Chiral Spin Liquid and Quantum Phase Transition in the Triangular Lattice Hofstadter-Hubbard Model

Abstract

Recent advances in moir\'e engineering motivate the study of lattice models of strongly-correlated electrons subjected to substantial orbital magnetic flux. We analyze the triangular lattice Hofstadter-Hubbard model at one-quarter flux quantum per plaquette and a density of one electron per site, where a chiral spin liquid phase may exist between weak-coupling integer quantum Hall and strong-coupling 120 antiferromagnetic phases. We use matrix product state methods and analytical arguments to investigate this model compactified to cylinders of finite circumference.
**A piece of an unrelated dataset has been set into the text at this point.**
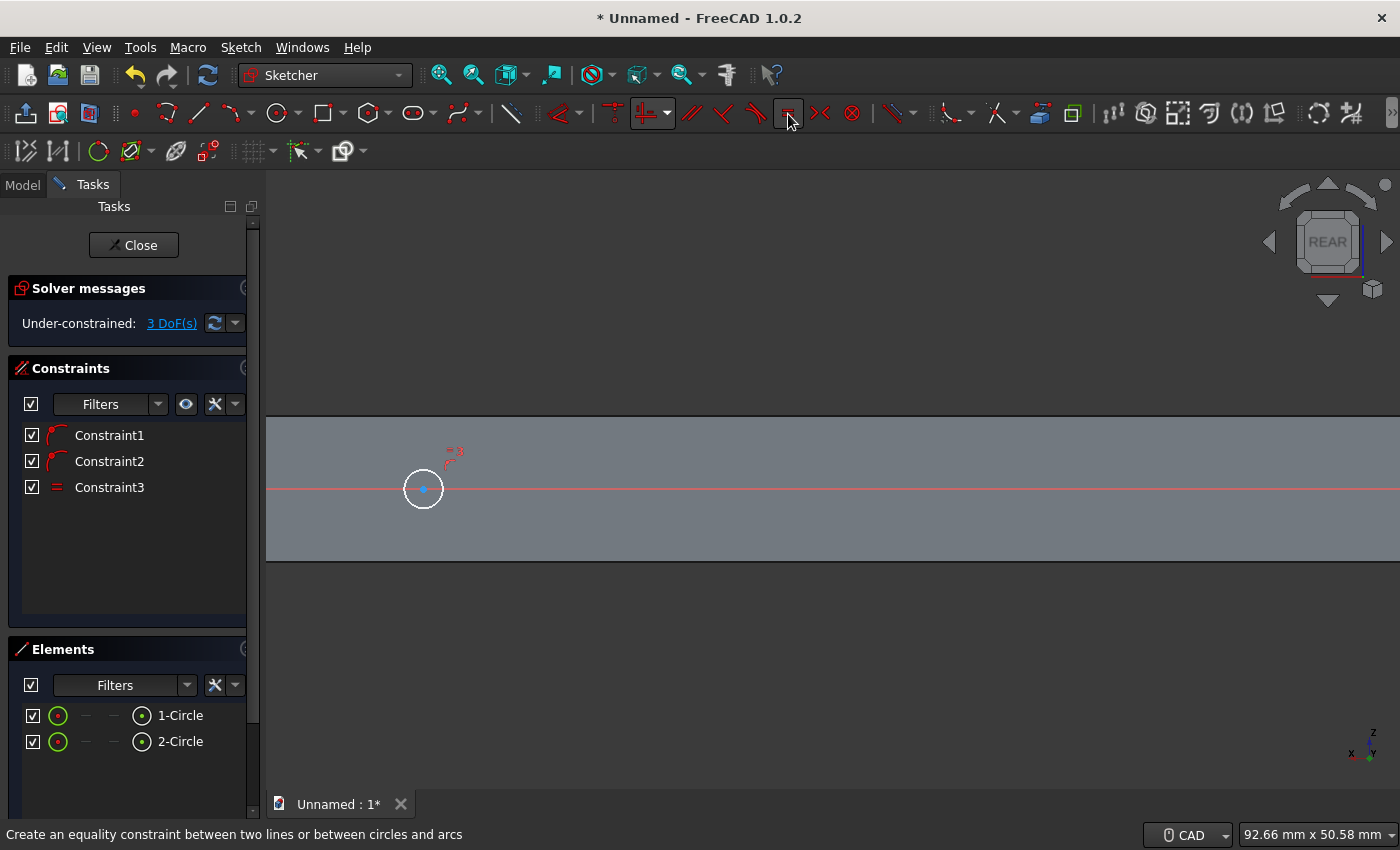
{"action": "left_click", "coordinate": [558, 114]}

We uncover a glide particle-hole symmetry operation which, we argue, is spontaneously broken at the quantum Hall to spin liquid transition on odd-circumference cylinders. We numerically verify the spontaneous symmetry breaking and further demonstrate that this transition is associated with algebraic long-range correlations of various spin-singlet, charge-neutral operators. For even-circumference cylinders, the transition becomes a crossover associated with a large correlation length that grows substantially with circumference. Our findings suggest that in the two-dimensional limit, the transition to a chiral spin liquid phase is continuous and features critical fluctuations of the current.